Looked in the tank with my bore scope and wow. The tank was almost perfect except for a couple of places. I had intended to do this not stop for 48 hours then use red tank liner to seal but I could see I didn't need it.
Refilled the tank with the strained vinegar and did the process shaking and letting it sit until it was close to closing time at the paint dudes. I drained, neutralized with baking soda and water, removed petcock plug and ran a hose in the tank to get all the baking soda/vinegar out (BTW...the baking soda rinse will cause some pressure so remember that when you open the cap on the tank. After this, I looked all around inside the tank with the bore scope and it was perfectly cleaned. I was thrilled because I'd never used tank liner before and heard good and bad stories. I could see the tank was good so I put a head gun in the tank top and opened the plug on the petcock and let it blow very hot air through for about 20 minutes. Like an idiot I picked up the tank with my bare hands. Yep. Idiot. Let it cool and grumbled about my toasted fingers when I looked in and the tank was perfectly dry. I poured a bottle of Marvel mystery oil in and sloshed it around for a good long time to make sure it went every where in the tank (be sure and put some on the cap and replace the rubber gasket). Got a good coat then I drained it as much as possible and grabbed it, the chain guard and both side panels and raced to the paint dudes. He said the inside of the tank looked great and the oil I used was no problem. Always tell people of anything you use in a tank or anything someone is going to work on.
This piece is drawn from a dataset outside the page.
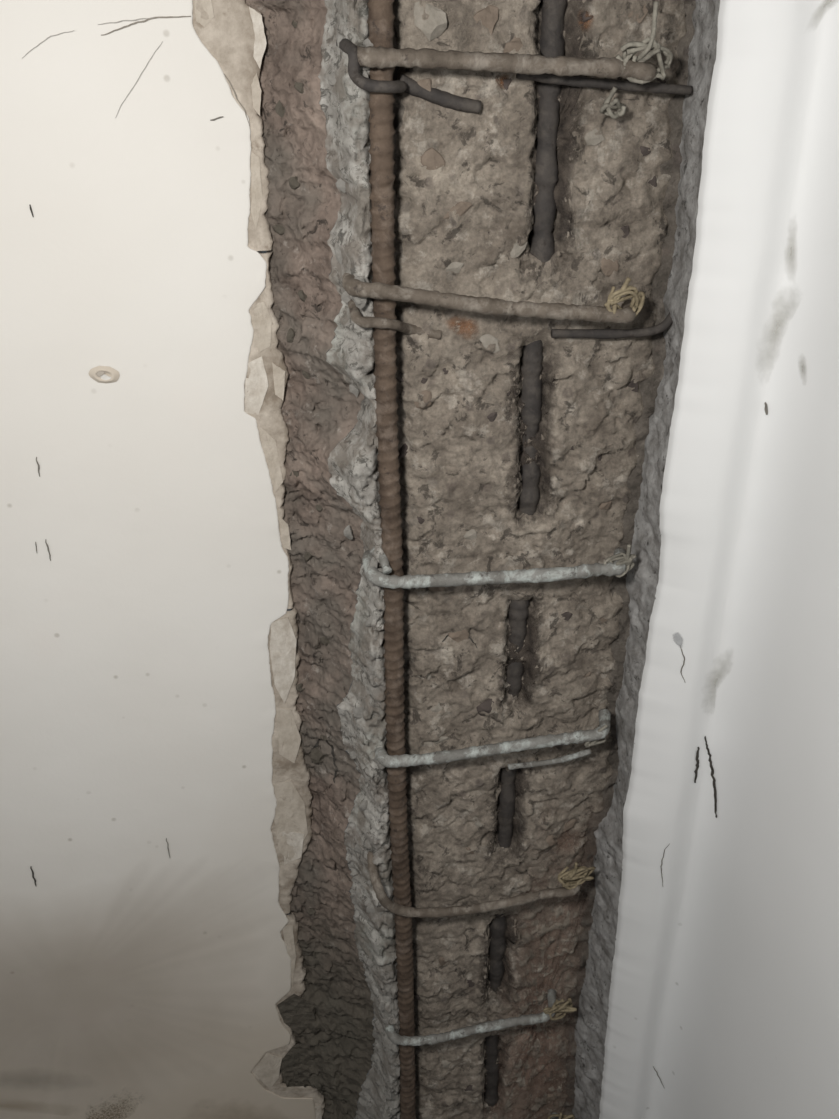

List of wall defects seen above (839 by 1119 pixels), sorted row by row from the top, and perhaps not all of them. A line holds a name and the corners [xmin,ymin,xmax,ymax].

Forgot, I also gave him the Honda decals and badges for the tank and side panels. I repainted the badges myself. With the multiple coats of paint, resanding, decals, clear coat, resanding and more clear coat, it will be next week when they will be cured up enough for me to pickup. I'll put them in my reloading room till I'm ready to put them on. First I'll clean all the frame with degreaser and use my very powerful gas power washer to clean and rattle can paint.
This is a lot of words to just show a picture of the color I'm using. Tell you what. Wife caught me cleaning out a fence line the guy I hired didn't do right so here's a pic of that too. I'm in deep trouble.
Again, it's not factory blue. It's the blue I wanted. Here's a sample he gave me.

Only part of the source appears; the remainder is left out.